From April 2024 most customers saw a decrease in Transmission which is likely to be followed by an increase in this fixed charge from April 2025, almost completely replacing what used to be recovered through Triads. Distribution costs are a little more complicated with the average fixed annual cost increasing across networks from April 2024 but decreasing from April 2025. Another element, the Available Capacity (AC), has already seen small increases but is due for a more significant rise from April 2025. This does mean that by managing the Agreed Supply Capacity, there is an opportunity to reduce the AC cost and longer term, potentially lower the Band which determines fixed charges.

Balancing costs were lower from April 2024, with increases expected from October 2024.

Indigo Swan work closely with energy suppliers to help all our customers understand and manage changes.

Please contact us on 0333 320 0475 to discuss options or to get a latest update.

Gas market overview

On the 1st of July, the Gas Year Ahead Wholesale cost was 93.24p/th, down from 97.67p/th in last month’s report and 22% less than 2023.

EU Gas Storage levels continue to increase, currently at 77% full, the same as last year and much higher than 2022. The price volatility we saw in 2021 through to 2023 came from the concern that Europe would not have enough Gas to meet a high winter demand, following the reduction of flows by Russia. Through a combination of reducing demand and by sourcing Gas from elsewhere, some EU nations are now looking to place their own restrictions on Russian supplies. Although a complete EU ban on LNG is unlikely due to opposition, Finland’s state-owned company announced they will end Russian imports and pressure is growing from the likes of France for others to follow. This action may place further pressure on global resources.

The forecast for further high temperatures in Asia is attracting LNG deliveries due to their price premium. Norway, which is now Europe’s largest Gas supplier will see some scheduled maintenance in August which may force us to compete with Asia for LNG shipments.

Although the upward trend in Wholesale prices has stalled, there is still little evidence that we will see a significant downturn. It is more likely that, as we saw last summer, prices will continue to show low levels of volatility but avoid the price spikes seen in recent years.

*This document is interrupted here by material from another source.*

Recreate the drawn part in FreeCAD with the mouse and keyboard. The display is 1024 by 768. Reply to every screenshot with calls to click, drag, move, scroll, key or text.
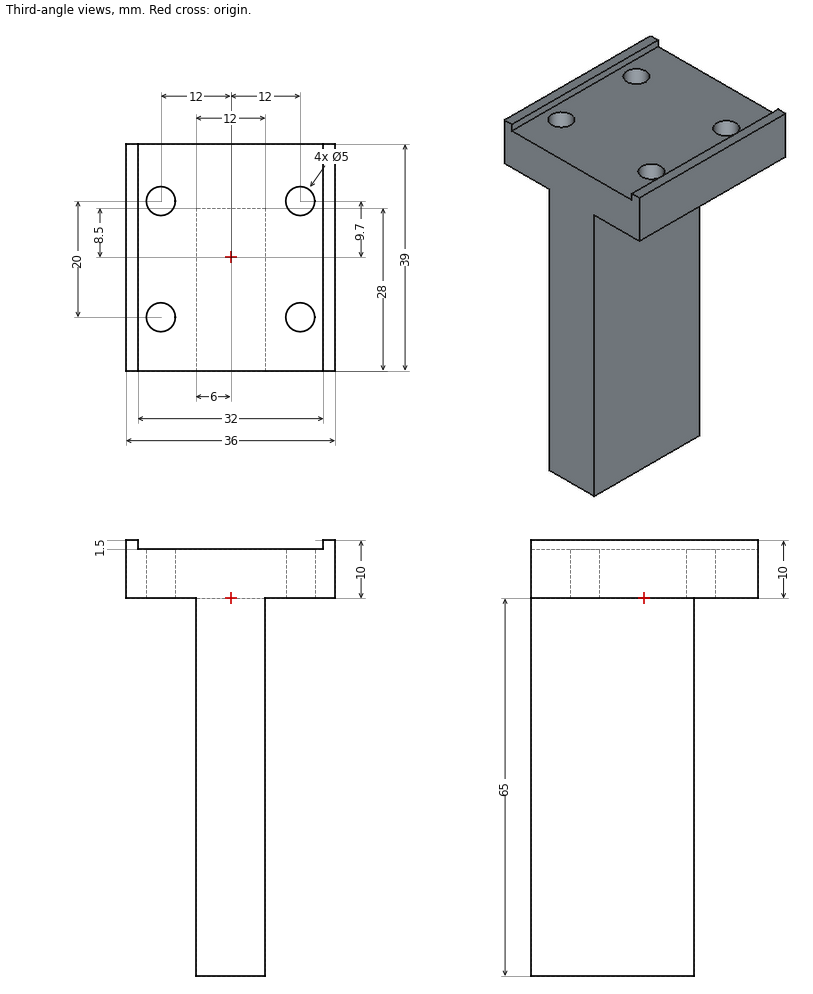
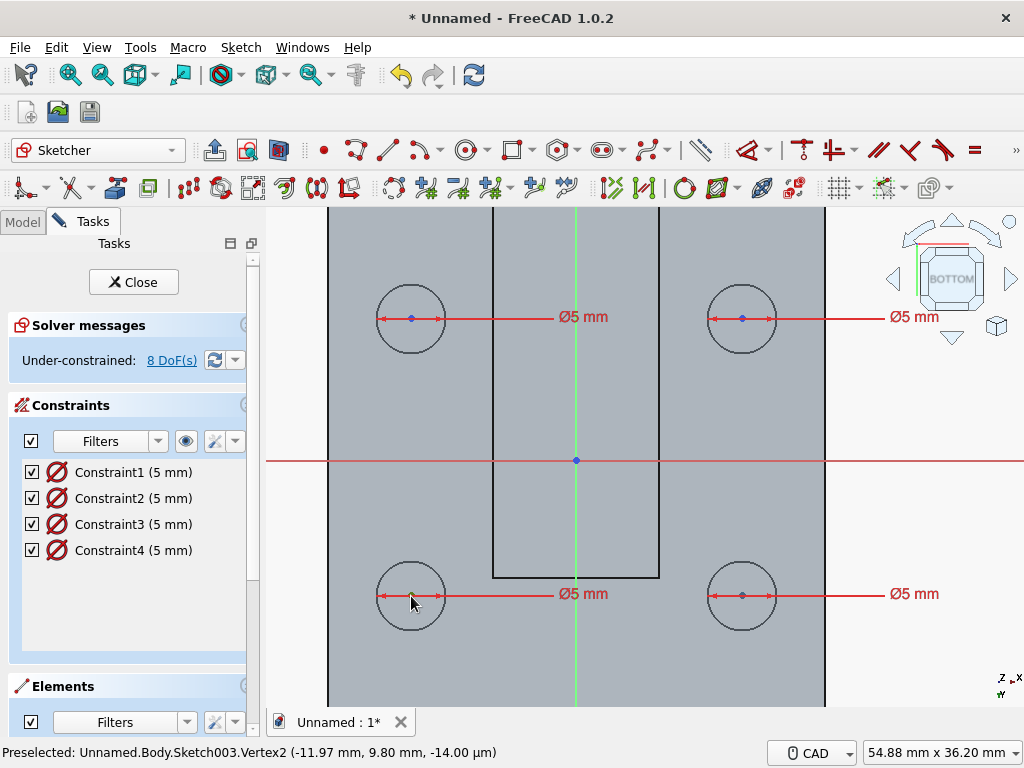
key(h)
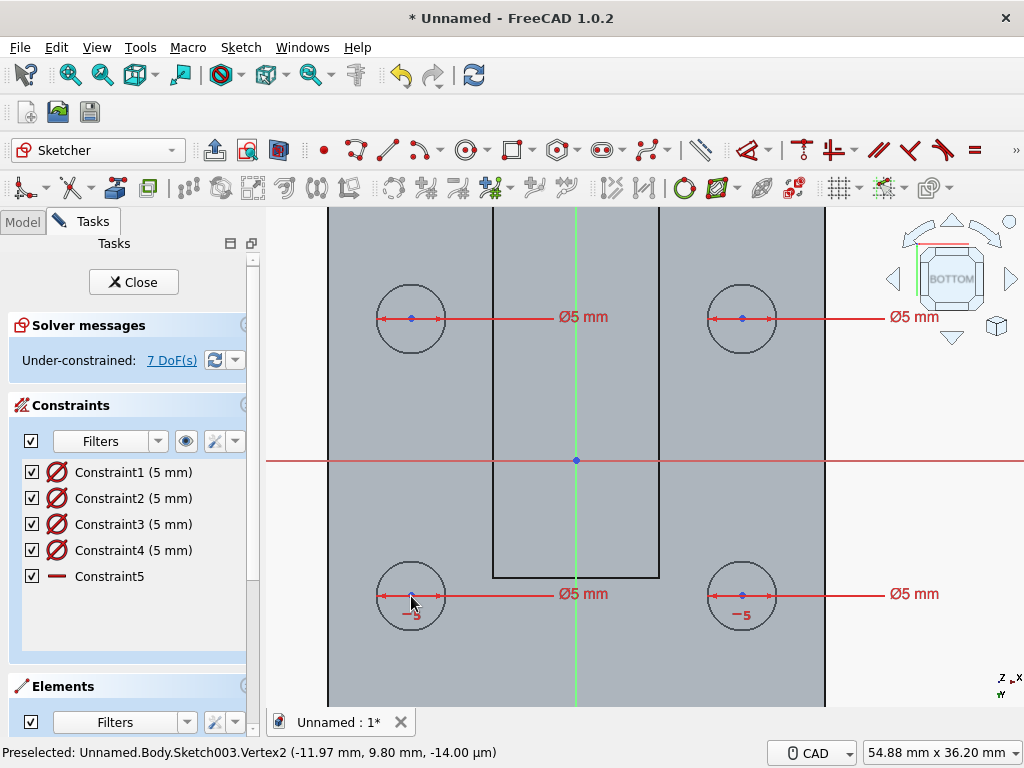
click(411, 596)

However, due to the tight global supply / demand relationship, any new event has the potential to impact on prices and so we would advise discussing your options for contracts ending in 2024 or at least monitoring the position closely.

Electricity market overview

On the 1st of July, the Electricity Year Ahead Wholesale cost was £82.07/MWh, down from £87.39/MWh in last month’s report and 30% less than 2023.

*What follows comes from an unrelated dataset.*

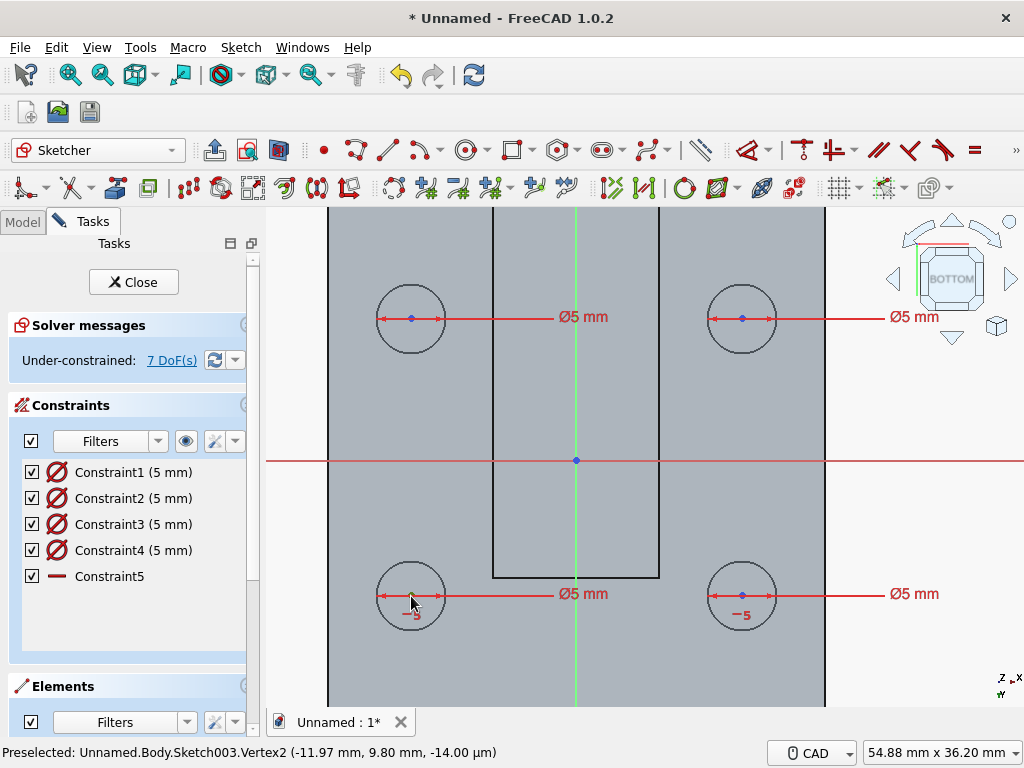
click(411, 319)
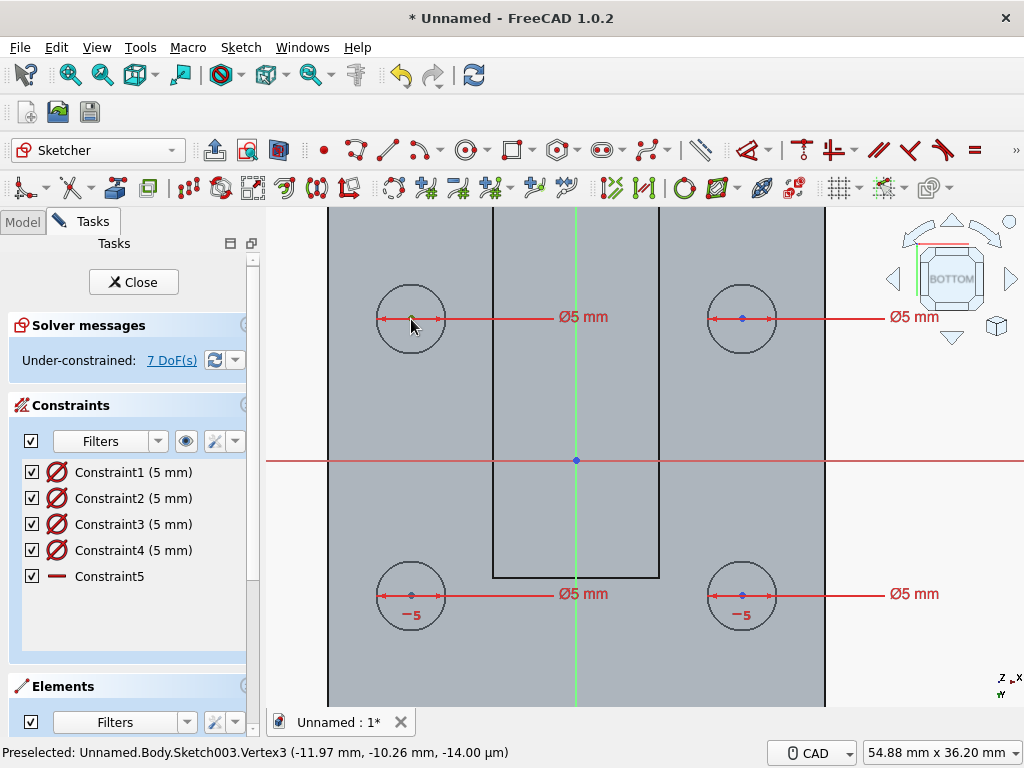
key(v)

The price of Gas remains the biggest influence on Electricity Wholesale prices and contributed 21% of generation in June, down from 26% in May. With EU Gas Storage being 77% full, this is providing an optimistic outlook for Gas supplies and has eased costs, but with Norwegian Gas supply outages in August and competition for LNG with Asia, there are potential pressures.

Wind provided an improved 20% last month, but this is still much lower than previous months which have seen in the region of 30%. This underlines the importance of Gas to be a flexible and reliable replacement for Renewables. Imports from the continent remained high at 22%. Coal provided just 0.1%, but as this is due to end in 2024, we will lose what is a useful tool in balancing the network.

Although the upward trend in Wholesale prices has stalled, there is still little evidence that we will see a significant downturn. It is more likely that, as we saw last summer, prices will continue to show low levels of volatility but avoid the price spikes seen in recent years. However, due to the tight global supply / demand relationship any new event has the potential to impact on prices and so we would advise discussing your options for contracts ending in 2024 or at least monitoring the position closely.